Il y a 30 ans, le « dimanche sanglant » à Moscou

Il y a 30 ans, à Moscou, la crise politique majeure tourne à la violence. Le président Boris Eltsine dissout le Soviet suprême, à savoir le Parlement, contrôlé par les forces réactionnaires. À leur tour, les députés, barricadés à l’intérieur, déclarent le président illégitime. Eltsine finit par pilonner le parlement avec des chars. Le nombre de victimes des affrontements meurtriers reste inconnu. L’ONG Memorial a pu confirmer la mort de 159 personnes, dont des passants. L’enquête a vite été étouffée, et les chefs de l’insurrection ont été amnistiés.

Ces événements sanglants font encore l’objet de vifs débats. Certains des anciens partisans d’Eltsine pensent aujourd’hui que les choix faits au Kremlin pendant la crise de l’automne 1993 ont sapé le projet démocratique, semé la graine de l’autoritarisme et ouvert la voie vers la guerre en Tchétchénie.  

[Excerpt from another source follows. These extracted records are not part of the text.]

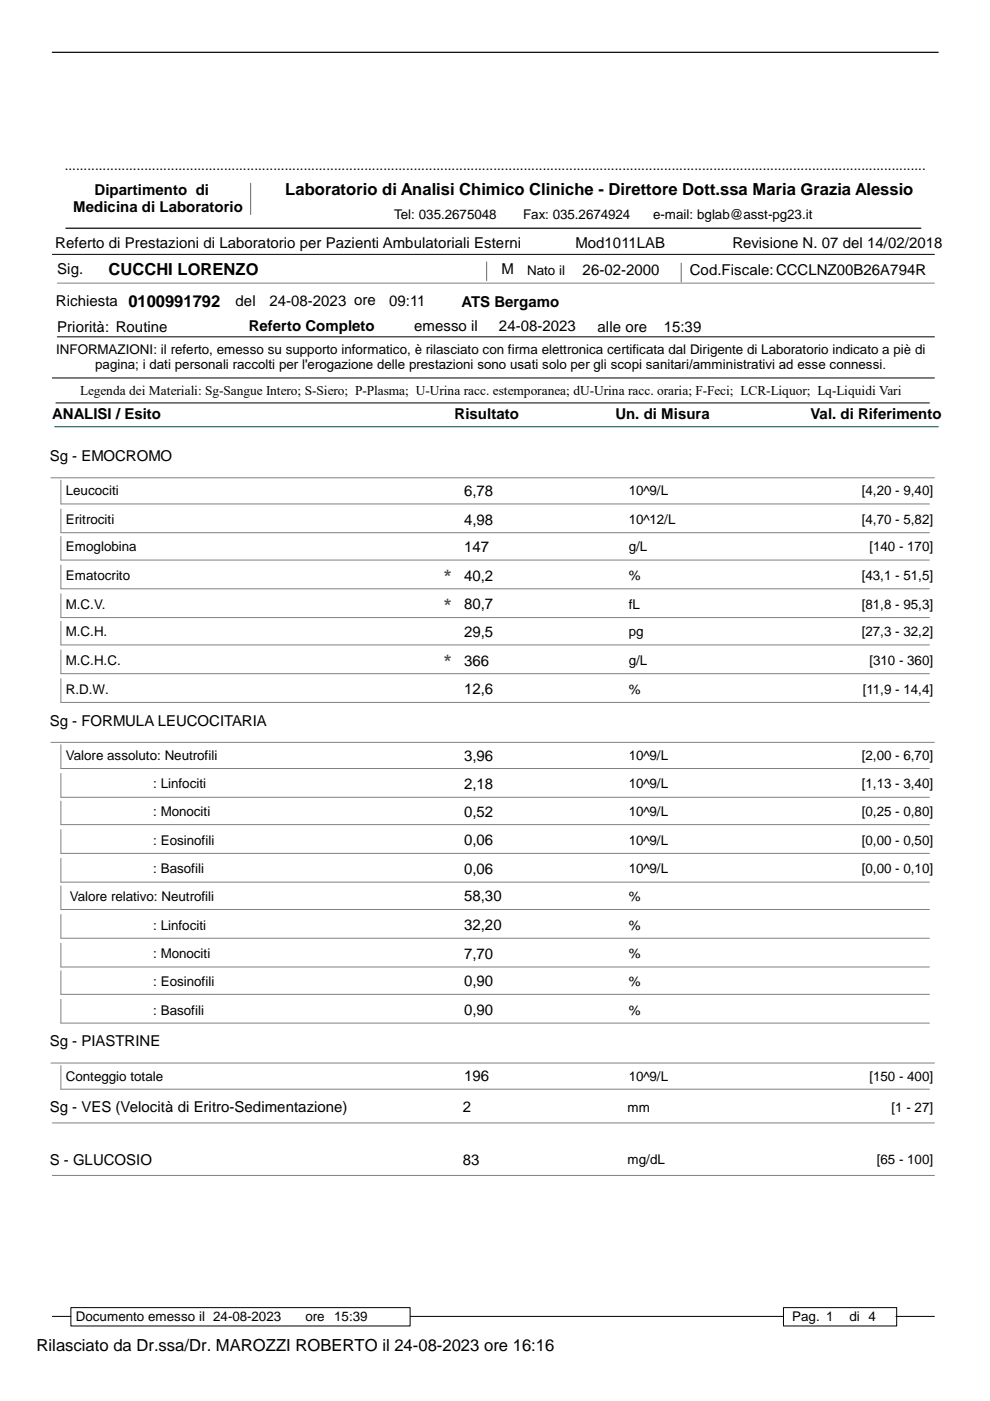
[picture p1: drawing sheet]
<svg xmlns="http://www.w3.org/2000/svg" width="210mm" height="297mm" viewBox="0 0 210 297" stroke-linecap="round" stroke-linejoin="round" font-family="sans-serif">
<defs><g id="words">
<g font-size="4.2" fill="#f00">
<text x="94.1" y="123.8">*</text>
<text x="94.1" y="129.9">*</text>
<text x="94.1" y="141.8">*</text>
</g>
<g font-size="3.5">
<text x="60.5" y="41.3">Laboratorio di Analisi Chimico Cliniche - Direttore Dott.ssa Maria Grazia Alessio</text>
<text x="23" y="58.2">CUCCHI LORENZO</text>
<text x="7.8" y="286.5">Rilasciato da Dr.ssa/Dr. MAROZZI ROBERTO il 24-08-2023 ore 16:16</text>
</g>
<g font-size="3.2">
<text x="20.1" y="41.3">Dipartimento di</text>
<text x="15.5" y="45">Medicina di Laboratorio</text>
<text x="11.7" y="52.5">Referto di Prestazioni di Laboratorio per Pazienti Ambulatoriali Esterni</text>
<text x="122" y="52.5">Mod1011LAB</text>
<text x="155.3" y="52.5">Revisione N. 07 del 14/02/2018</text>
<text x="12.1" y="58">Sig.</text>
<text x="106.3" y="58">M</text>
<text x="123.5" y="58.3">26-02-2000</text>
<text x="146.3" y="58.3">Cod.Fiscale:CCCLNZ00B26A794R</text>
<text x="11.9" y="64.9">Richiesta 0100991792</text>
<text x="50" y="64.9">del</text>
<text x="57.1" y="64.9">24-08-2023 ore</text>
<text x="82.5" y="64.9">09:11</text>
<text x="97.9" y="65.1">ATS Bergamo</text>
<text x="12.1" y="70.5">Priorità: Routine</text>
<text x="52.7" y="70.2">Referto Completo</text>
<text x="87.8" y="70.2">emesso il</text>
<text x="105.8" y="70.2">24-08-2023</text>
<text x="126.7" y="70.5">alle ore</text>
<text x="140.7" y="70.5">15:39</text>
<text x="11.1" y="88.7">ANALISI / Esito</text>
<text x="96.4" y="88.7">Risultato</text>
<text x="130.5" y="88.7">Un. di Misura</text>
<text x="171.8" y="88.7">Val. di Riferimento</text>
<text x="10.5" y="97.7">Sg - EMOCROMO</text>
<text x="98.4" y="105.2">6,78</text>
<text x="98.4" y="111.2">4,98</text>
<text x="98.4" y="117.1">147</text>
<text x="98.4" y="123.1">40,2</text>
<text x="98.4" y="129.2">80,7</text>
<text x="98.4" y="135">29,5</text>
<text x="98.4" y="141.1">366</text>
<text x="98.4" y="147.2">12,6</text>
<text x="10.5" y="153.8">Sg - FORMULA LEUCOCITARIA</text>
<text x="98.4" y="161.2">3,96</text>
<text x="98.4" y="167.3">2,18</text>
<text x="98.4" y="173.1">0,52</text>
<text x="98.4" y="179.2">0,06</text>
<text x="98.4" y="185.3">0,06</text>
<text x="98.4" y="191.1">58,30</text>
<text x="98.4" y="197.2">32,20</text>
<text x="98.4" y="203.3">7,70</text>
<text x="98.4" y="209.1">0,90</text>
<text x="98.4" y="215.2">0,90</text>
<text x="10.5" y="221.8">Sg - PIASTRINE</text>
<text x="98.4" y="229.2">196</text>
<text x="10.5" y="235.8">Sg - VES (Velocità di Eritro-Sedimentazione)</text>
<text x="98.1" y="235.8">2</text>
<text x="10.5" y="247">S - GLUCOSIO</text>
<text x="98.1" y="247">83</text>
</g>
<g font-size="2.8">
<text x="13.7" y="36">...................................................................................................................................................................................................................................</text>
<text x="83.6" y="46.5">Tel: 035.2675048</text>
<text x="110.9" y="46.5">Fax: 035.2674924</text>
<text x="138.5" y="46.5">e-mail: bglab@asst-pg23.it</text>
<text x="111.8" y="58.2">Nato il</text>
<text x="11.9" y="75">INFORMAZIONI: il referto, emesso su supporto informatico, è rilasciato con firma elettronica certificata dal Dirigente di Laboratorio indicato a piè di</text>
<text x="17" y="83.8">Legenda dei Materiali: Sg-Sangue Intero; S-Siero; P-Plasma; U-Urina racc. estemporanea; dU-Urina racc. oraria; F-Feci; LCR-Liquor; Lq-Liquidi Vari</text>
<text x="20.2" y="78.2">pagina; i dati personali raccolti per l'erogazione delle prestazioni sono usati solo per gli scopi sanitari/amministrativi ad esse connessi.</text>
<text x="14" y="105">Leucociti</text>
<text x="133.3" y="105">10^9/L</text>
<text x="182.7" y="105">[4,20 - 9,40]</text>
<text x="14" y="111.1">Eritrociti</text>
<text x="133.3" y="111.1">10^12/L</text>
<text x="182.7" y="111.1">[4,70 - 5,82]</text>
<text x="14" y="116.9">Emoglobina</text>
<text x="133.3" y="116.9">g/L</text>
<text x="184.3" y="116.9">[140 - 170]</text>
<text x="14" y="123">Ematocrito</text>
<text x="133.3" y="123">%</text>
<text x="182.7" y="123">[43,1 - 51,5]</text>
<text x="14" y="129.1">M.C.V.</text>
<text x="133.3" y="129.1">fL</text>
<text x="182.7" y="129.1">[81,8 - 95,3]</text>
<text x="14" y="134.9">M.C.H.</text>
<text x="133.3" y="134.9">pg</text>
<text x="182.7" y="134.9">[27,3 - 32,2]</text>
<text x="14" y="141">M.C.H.C.</text>
<text x="133.3" y="141">g/L</text>
<text x="184.3" y="141">[310 - 360]</text>
<text x="14" y="147.1">R.D.W.</text>
<text x="133.3" y="147.1">%</text>
<text x="182.9" y="147.1">[11,9 - 14,4]</text>
<text x="14" y="161.1">Valore assoluto: Neutrofili</text>
<text x="133.3" y="161.1">10^9/L</text>
<text x="182.7" y="161.1">[2,00 - 6,70]</text>
<text x="32.5" y="167.2">: Linfociti</text>
<text x="133.3" y="167.2">10^9/L</text>
<text x="182.7" y="167.2">[1,13 - 3,40]</text>
<text x="32.5" y="173">: Monociti</text>
<text x="133.3" y="173">10^9/L</text>
<text x="182.7" y="173">[0,25 - 0,80]</text>
<text x="32.5" y="179.1">: Eosinofili</text>
<text x="133.3" y="179.1">10^9/L</text>
<text x="182.7" y="179.1">[0,00 - 0,50]</text>
<text x="32.5" y="185.2">: Basofili</text>
<text x="133.3" y="185.2">10^9/L</text>
<text x="182.7" y="185.2">[0,00 - 0,10]</text>
<text x="14.8" y="191">Valore relativo: Neutrofili</text>
<text x="133.3" y="191">%</text>
<text x="32.5" y="197.1">: Linfociti</text>
<text x="133.3" y="197.1">%</text>
<text x="32.5" y="203.2">: Monociti</text>
<text x="133.3" y="203.2">%</text>
<text x="32.5" y="209">: Eosinofili</text>
<text x="133.3" y="209">%</text>
<text x="32.5" y="215.1">: Basofili</text>
<text x="133.3" y="215.1">%</text>
<text x="14" y="229.1">Conteggio totale</text>
<text x="133.3" y="229.1">10^9/L</text>
<text x="184.3" y="229.1">[150 - 400]</text>
<text x="133.1" y="235.7">mm</text>
<text x="189" y="235.7">[1 - 27]</text>
<text x="133.1" y="246.8">mg/dL</text>
<text x="185.9" y="246.8">[65 - 100]</text>
<text x="16.1" y="280.2">Documento emesso il 24-08-2023</text>
<text x="64.8" y="280.2">ore</text>
<text x="70.9" y="280.2">15:39</text>
<text x="168" y="280.2">Pag. 1</text>
<text x="180.1" y="280.2">di 4</text>
</g>
</g></defs>
<path d="M11.1 11.1h187.8M14 48.4h181.2" fill="none" stroke="#000" stroke-width=".25"/>
<path d="M53.1 38.9v6.6M103.2 55.5v4M144.4 55.8v4" fill="none" stroke="#808080" stroke-width=".25"/>
<path d="M11.1 53.9h187M12.1 71.4h186M11.1 80.1h187M11.9 85.4h185.2M11.1 279.1h3.9M15 277.2h72v3.9h-72zM87 279.1h79.1" fill="none" stroke="#000" stroke-width=".21"/>
<g fill="none" stroke="#808080" stroke-width=".21">
<path d="M12.1 60h186M10.8 101.3h187.3M12.9 101.8v5h184.2M12.9 107.9v5h184.2M12.9 113.7v5h184.2M12.9 119.8v5h184.2M12.9 125.9v5h184.2M12.9 131.7v5h184.2M12.9 137.8v5h184.2M10.8 157.4h187.3M12.9 143.9v5h184.2M12.9 157.9v5h184.2"/>
<path d="M12.9 164v5h184.2M12.9 169.8v5h184.2M12.9 175.9v5h184.2M12.9 182v5h184.2M12.9 187.8v5h184.2M12.9 193.9v5h184.2M12.9 200v5h184.2M12.9 205.8v5h184.2M12.9 211.9v5h184.2M10.8 225.4h187.3M11.1 238.1h187M12.9 225.9v5h184.2"/>
<path d="M11.1 249.2h187"/>
</g>
<path d="M11.6 90.5h187.3" fill="none" stroke="#008080" stroke-width=".25"/>
<path d="M11.1 270.1h177" fill="none" stroke="#fff" stroke-width=".25"/>
<path d="M166.2 277.3h23.9v3.8h-23.9z" fill="#fff"/>
<path d="M166.1 277.2h24v3.9h-24zM189.9 279.1h8.2" fill="none" stroke="#000" stroke-width=".21"/>
<use href="#words"/>
</svg>

Desk Russie publie une série de photos prises dans les rues de Moscou par Dmitri Borko fin septembre — début octobre 1993.

À l’occasion du vingtième anniversaire des événements de 1993, j’ai publié un album de photos. J’y ai réuni les histoires dramatiques des affrontements de Moscou d’août 1991 et d’octobre 1993. Lors de sa rédaction, j’ai consulté les gens de mon réseau. La plupart d’entre eux ne comprenaient pas pourquoi j’établissais un lien entre des événements si différents, à leur avis. C’est un homme intelligent, aux opinions très démocratiques, qui l’a le mieux exprimé. « Si vous le voulez tant, je vous conseille de faire deux livres : un sur le mois d’août et un sur le mois d’octobre. Et faites-en un en blanc et l’autre en noir », a-t-il déclaré. Vingt ans après les événements, des gens qui avaient appartenu alors à des camps différents ne voulaient toujours pas se parler, ni même apparaître dans le même livre. Aujourd’hui, ces caractéristiques de nos compatriotes —intransigeance et refus de tirer les leçons de leur propre histoire — portent encore leurs fruits.